Duplicity, chapter 2
by  ragpants
 

 Seated alone at a table amidst the quiet clatter and low buzz of conversation in the Headquarters' Officer's Club, Janeway slouched lower into her chair. She twirled the stem of her wineglass between her thumb and fingers and wished she had ordered something on the rocks instead. It wasn't the more potent alcohol she wanted; it was the condensation on the glass. If there were water rings on the table she might be able to read them like some people read tea leaves or Rohrschach Blots, and they  could help her divine her mood.

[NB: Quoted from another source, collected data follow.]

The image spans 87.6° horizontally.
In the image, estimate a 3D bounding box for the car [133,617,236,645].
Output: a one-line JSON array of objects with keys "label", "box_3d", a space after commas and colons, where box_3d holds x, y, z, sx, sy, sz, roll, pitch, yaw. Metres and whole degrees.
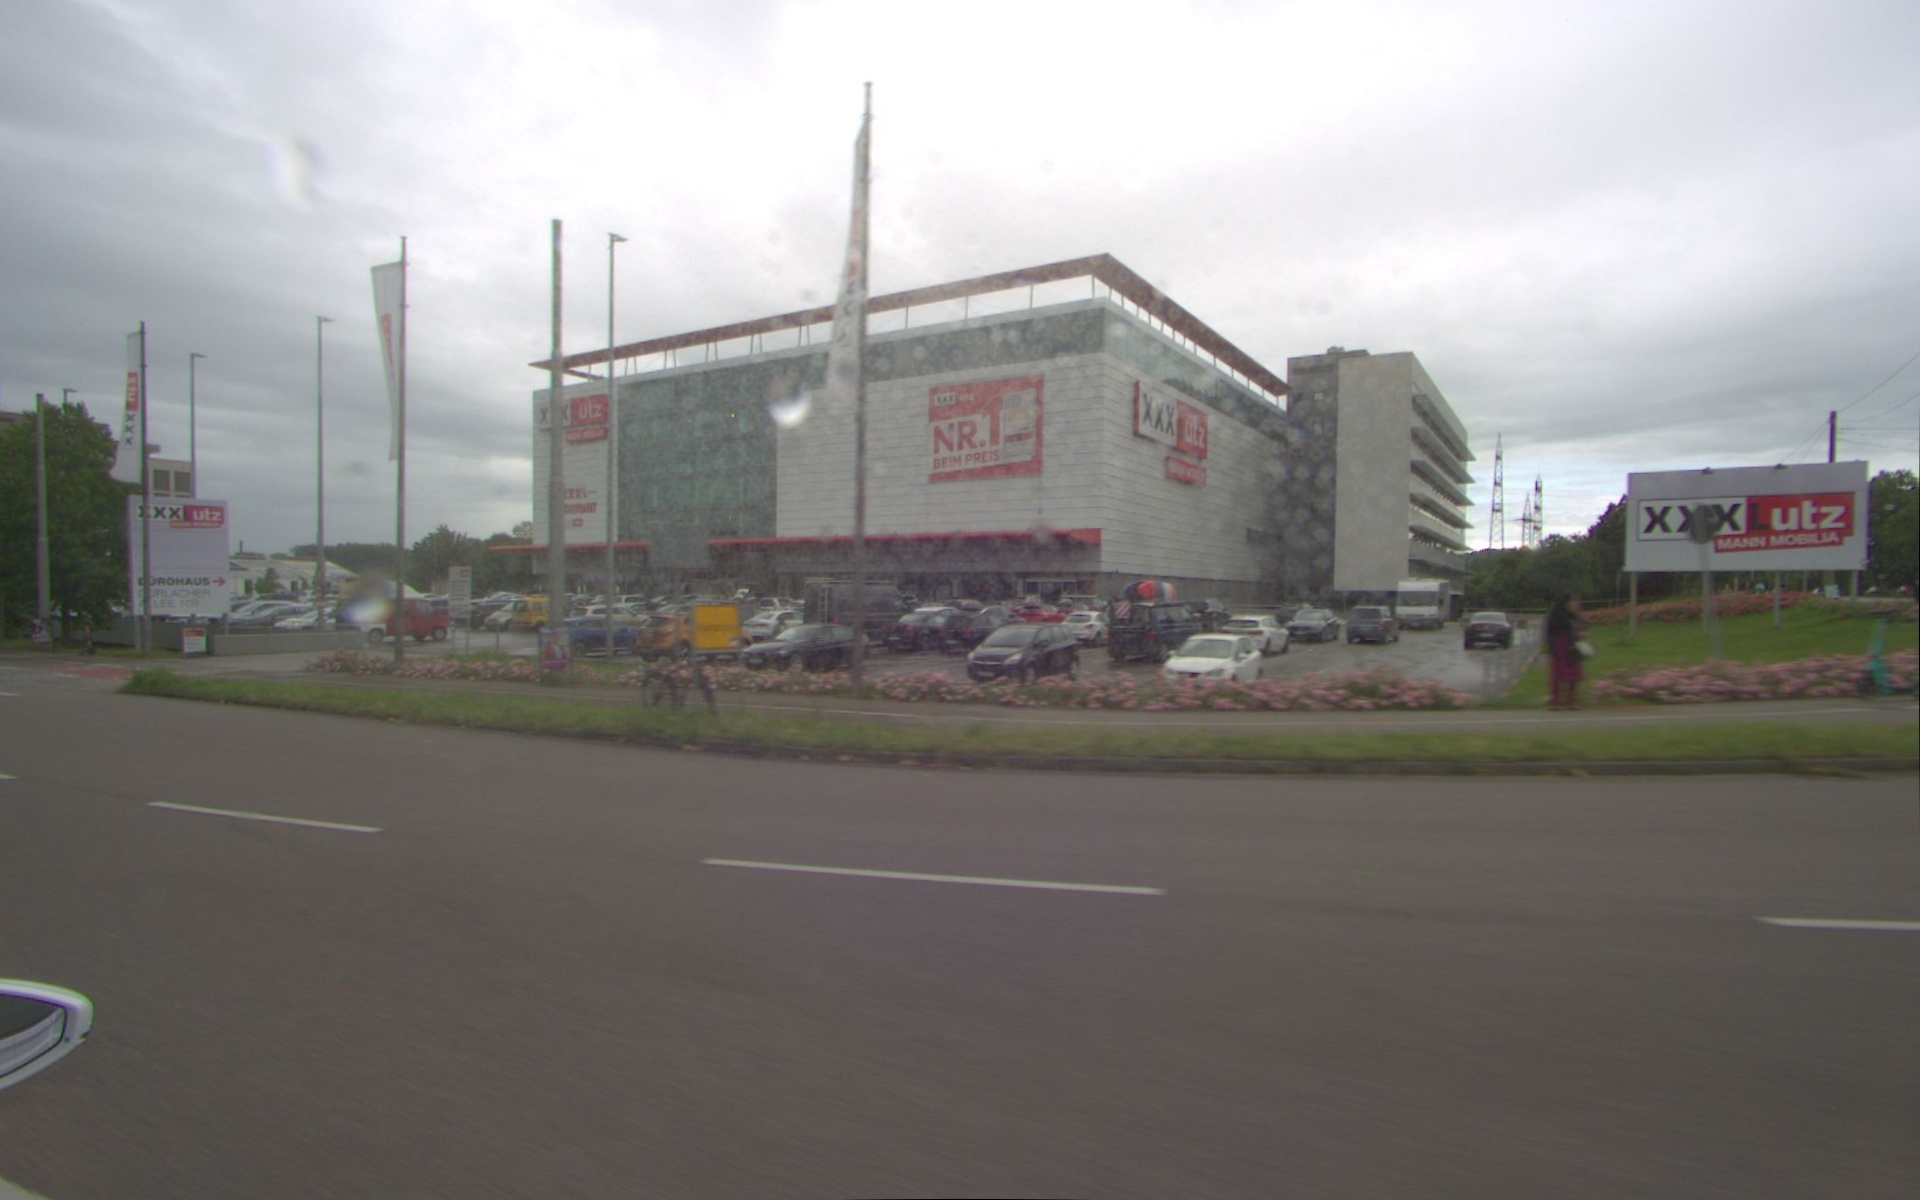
[{"label": "car", "box_3d": [-42.699, 1.685, 55.244, 1.783, 1.368, 4.145, 2, 1, 32]}]

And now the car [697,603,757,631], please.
[{"label": "car", "box_3d": [-15.808, 1.176, 68.045, 1.813, 1.864, 3.983, 0, -1, 29]}]

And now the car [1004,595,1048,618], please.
[{"label": "car", "box_3d": [4.841, 0.453, 73.188, 1.628, 1.581, 3.594, 1, 2, 34]}]

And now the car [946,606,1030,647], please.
[{"label": "car", "box_3d": [1.288, 1.154, 44.375, 1.860, 1.692, 3.976, 0, 0, 34]}]

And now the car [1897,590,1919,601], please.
[{"label": "car", "box_3d": [126.685, -0.630, 133.453, 1.724, 1.451, 3.360, 3, 2, 28]}]

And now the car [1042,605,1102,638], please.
[{"label": "car", "box_3d": [6.612, 1.220, 58.791, 1.796, 1.842, 3.975, -1, 0, 35]}]

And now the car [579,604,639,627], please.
[{"label": "car", "box_3d": [-26.152, 1.162, 74.708, 1.752, 1.582, 3.975, 3, 1, 35]}]

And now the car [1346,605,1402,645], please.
[{"label": "car", "box_3d": [18.663, 1.081, 45.066, 1.857, 1.687, 3.982, 0, 0, 30]}]

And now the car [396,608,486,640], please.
[{"label": "car", "box_3d": [-30.402, 1.390, 58.786, 1.863, 1.767, 4.300, 2, 1, 35]}]

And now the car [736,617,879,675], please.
[{"label": "car", "box_3d": [-4.546, 1.334, 30.429, 1.745, 1.604, 4.515, 0, -1, 34]}]

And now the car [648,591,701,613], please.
[{"label": "car", "box_3d": [-22.265, 0.169, 78.078, 1.717, 1.575, 3.763, 2, 1, 33]}]

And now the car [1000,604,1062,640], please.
[{"label": "car", "box_3d": [4.268, 1.283, 59.676, 1.973, 2.040, 3.977, 0, 0, 34]}]

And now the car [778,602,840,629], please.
[{"label": "car", "box_3d": [-9.547, 0.977, 63.733, 1.808, 1.676, 3.981, 0, -1, 31]}]

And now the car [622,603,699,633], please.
[{"label": "car", "box_3d": [-16.965, 1.009, 56.809, 1.762, 1.656, 3.977, 0, -1, 34]}]

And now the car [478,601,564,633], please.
[{"label": "car", "box_3d": [-24.050, 0.940, 54.963, 1.853, 1.617, 3.977, 2, 1, 34]}]

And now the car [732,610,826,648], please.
[{"label": "car", "box_3d": [-7.918, 1.256, 44.142, 1.838, 1.572, 3.976, 0, 0, 34]}]

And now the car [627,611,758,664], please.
[{"label": "car", "box_3d": [-8.843, 1.194, 33.392, 1.792, 1.665, 3.973, 0, 0, 37]}]

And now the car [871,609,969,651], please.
[{"label": "car", "box_3d": [-1.550, 1.163, 39.926, 1.972, 1.589, 3.978, 0, 0, 33]}]

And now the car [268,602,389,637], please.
[{"label": "car", "box_3d": [-29.409, 0.890, 46.751, 1.933, 1.481, 4.363, 2, 1, 34]}]

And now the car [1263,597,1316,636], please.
[{"label": "car", "box_3d": [17.544, 0.856, 53.236, 1.969, 1.976, 3.983, 0, -1, 29]}]

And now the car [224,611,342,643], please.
[{"label": "car", "box_3d": [-33.201, 1.309, 49.197, 1.841, 1.438, 4.454, 2, 1, 34]}]

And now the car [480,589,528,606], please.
[{"label": "car", "box_3d": [-41.441, -0.223, 91.091, 1.679, 1.394, 3.583, 2, 1, 35]}]

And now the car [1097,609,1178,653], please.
[{"label": "car", "box_3d": [7.304, 1.211, 40.991, 1.971, 1.697, 3.980, 0, 0, 31]}]

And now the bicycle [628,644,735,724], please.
[{"label": "bicycle", "box_3d": [-4.038, 1.179, 14.461, 1.671, 1.062, 0.660, -1, -1, 39]}]

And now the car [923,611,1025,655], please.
[{"label": "car", "box_3d": [0.590, 1.239, 38.573, 1.923, 1.576, 3.971, -1, -1, 38]}]

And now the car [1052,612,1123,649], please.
[{"label": "car", "box_3d": [5.511, 1.278, 42.874, 1.803, 1.487, 3.889, 0, -1, 27]}]

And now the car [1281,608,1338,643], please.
[{"label": "car", "box_3d": [16.061, 1.135, 45.945, 1.805, 1.536, 3.982, 0, 0, 29]}]

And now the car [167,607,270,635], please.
[{"label": "car", "box_3d": [-39.476, 1.121, 53.398, 1.738, 1.368, 4.047, 2, 1, 32]}]

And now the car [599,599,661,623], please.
[{"label": "car", "box_3d": [-24.059, 0.775, 73.048, 1.856, 1.632, 3.975, 3, 1, 35]}]

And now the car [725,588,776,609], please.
[{"label": "car", "box_3d": [-16.291, -0.099, 77.994, 1.804, 1.575, 3.786, 2, 1, 32]}]

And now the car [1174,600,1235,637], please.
[{"label": "car", "box_3d": [13.449, 0.990, 54.937, 1.924, 1.954, 3.975, -1, 0, 35]}]

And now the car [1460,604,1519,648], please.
[{"label": "car", "box_3d": [22.529, 1.068, 42.548, 1.888, 1.779, 3.977, 0, 0, 33]}]

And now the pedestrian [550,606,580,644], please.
[{"label": "pedestrian", "box_3d": [-18.418, 1.160, 46.676, 0.872, 1.743, 0.938, 3, 1, 31]}]

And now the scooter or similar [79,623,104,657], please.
[{"label": "scooter or similar", "box_3d": [-31.847, 1.472, 36.703, 1.230, 1.207, 0.369, 1, 1, 33]}]

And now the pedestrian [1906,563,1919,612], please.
[{"label": "pedestrian", "box_3d": [35.816, -0.472, 37.352, 0.538, 1.806, 0.632, 3, 2, 29]}]

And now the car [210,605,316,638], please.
[{"label": "car", "box_3d": [-35.191, 1.064, 50.656, 1.739, 1.561, 4.044, 2, 1, 34]}]

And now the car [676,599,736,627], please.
[{"label": "car", "box_3d": [-17.645, 0.919, 69.729, 1.860, 1.846, 3.984, 0, -1, 28]}]

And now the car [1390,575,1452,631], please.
[{"label": "car", "box_3d": [27.086, 0.169, 58.682, 2.725, 3.029, 6.922, 2, 1, 29]}]

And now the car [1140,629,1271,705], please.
[{"label": "car", "box_3d": [5.893, 1.500, 23.685, 1.848, 1.465, 4.100, 2, 1, 31]}]

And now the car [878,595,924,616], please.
[{"label": "car", "box_3d": [-4.698, 0.462, 80.140, 1.804, 1.575, 3.786, 2, 1, 32]}]

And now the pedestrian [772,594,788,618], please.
[{"label": "pedestrian", "box_3d": [-14.661, 0.461, 81.579, 0.953, 1.895, 0.948, 2, 1, 19]}]

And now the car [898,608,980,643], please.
[{"label": "car", "box_3d": [-0.918, 1.157, 46.209, 1.829, 1.576, 3.978, 0, -1, 34]}]

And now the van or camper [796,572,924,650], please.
[{"label": "van or camper", "box_3d": [-4.021, 0.445, 41.149, 1.968, 3.023, 5.354, 0, 0, 41]}]

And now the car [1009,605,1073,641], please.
[{"label": "car", "box_3d": [4.450, 1.214, 54.598, 1.807, 1.886, 3.978, 0, 0, 33]}]

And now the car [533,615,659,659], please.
[{"label": "car", "box_3d": [-13.013, 1.291, 35.975, 1.789, 1.474, 3.977, -1, -1, 34]}]

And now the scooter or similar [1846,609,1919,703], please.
[{"label": "scooter or similar", "box_3d": [12.748, 0.754, 13.618, 1.142, 1.249, 0.346, 0, -1, -6]}]

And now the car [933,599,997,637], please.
[{"label": "car", "box_3d": [0.337, 1.037, 57.462, 1.857, 2.074, 3.979, 0, -1, 33]}]

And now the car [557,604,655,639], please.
[{"label": "car", "box_3d": [-17.753, 1.085, 50.418, 1.808, 1.605, 4.401, 2, 0, 34]}]

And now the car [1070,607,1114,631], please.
[{"label": "car", "box_3d": [9.318, 1.352, 70.559, 1.628, 1.580, 3.596, 1, -1, 34]}]

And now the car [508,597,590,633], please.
[{"label": "car", "box_3d": [-21.975, 0.776, 53.647, 1.709, 1.792, 3.727, 3, 1, 34]}]

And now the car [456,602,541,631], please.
[{"label": "car", "box_3d": [-25.904, 0.940, 56.285, 1.861, 1.554, 3.980, 0, -1, 32]}]

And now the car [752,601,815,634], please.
[{"label": "car", "box_3d": [-11.527, 1.126, 65.578, 1.885, 2.083, 3.982, 2, 0, 30]}]

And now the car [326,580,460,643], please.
[{"label": "car", "box_3d": [-25.110, 0.490, 44.485, 2.140, 2.614, 4.711, 3, 1, 34]}]

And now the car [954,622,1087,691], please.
[{"label": "car", "box_3d": [1.692, 1.426, 26.573, 1.744, 1.604, 4.083, 2, 0, 33]}]

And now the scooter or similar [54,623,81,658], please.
[{"label": "scooter or similar", "box_3d": [-37.884, 1.695, 42.507, 1.799, 1.440, 0.647, -1, 0, 42]}]

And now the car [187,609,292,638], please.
[{"label": "car", "box_3d": [-37.293, 1.198, 51.908, 1.808, 1.368, 4.047, 2, 1, 32]}]

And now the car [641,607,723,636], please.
[{"label": "car", "box_3d": [-15.202, 1.158, 54.977, 1.715, 1.488, 4.229, 2, 0, 34]}]

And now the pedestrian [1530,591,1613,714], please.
[{"label": "pedestrian", "box_3d": [8.376, 0.716, 13.749, 0.703, 1.618, 0.783, -2, -1, 13]}]

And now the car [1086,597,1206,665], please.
[{"label": "car", "box_3d": [6.582, 1.022, 35.042, 2.095, 2.194, 5.016, 0, 0, 37]}]

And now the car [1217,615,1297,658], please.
[{"label": "car", "box_3d": [11.259, 1.341, 37.782, 1.722, 1.495, 4.186, 0, 0, 34]}]

Her earlier conversation with Cmdr. Thompson had left her unsettled in ways she wasn't quite able to define. She and Daniel didn't keep secrets from one another.  Secrets about important things anyway. He really didn't need to know how much she paid for those shoes she bought on Ringgold Station six weeks ago, or that she was planning a surprise birthday party for him in  December. But a promotion? An appointment to the Federation High Court? That was something important, and serious; it affected them both. That was exactly the kind of thing they didn't hide from each other.

But apparently Daniel had.

The reasonable part of her brain insisted that he hadn't told her because the appointment had been too nebulous a possibility until now, sufficiently vague not to bother mentioning to her. And there hadn't been the time to broach the possibility during their truncated conversation before he left this morning.

But whatever Daniel's reasons, she was still hurt by the lack of trust implicit in his concealing the truth.

She twisted her glass stem again and looked out the window at her left elbow. The ceramalloy  glazing has de-polarized now that the sun had set and the lights of San Francisco glittered like a galaxy of familiar constellations over the Oakland hills. The sight calmed her and at the same time sent a pang of homesickness through her heart. She missed the inky eternal night of space. She missed space duty. And after five years, she still missed Voyager.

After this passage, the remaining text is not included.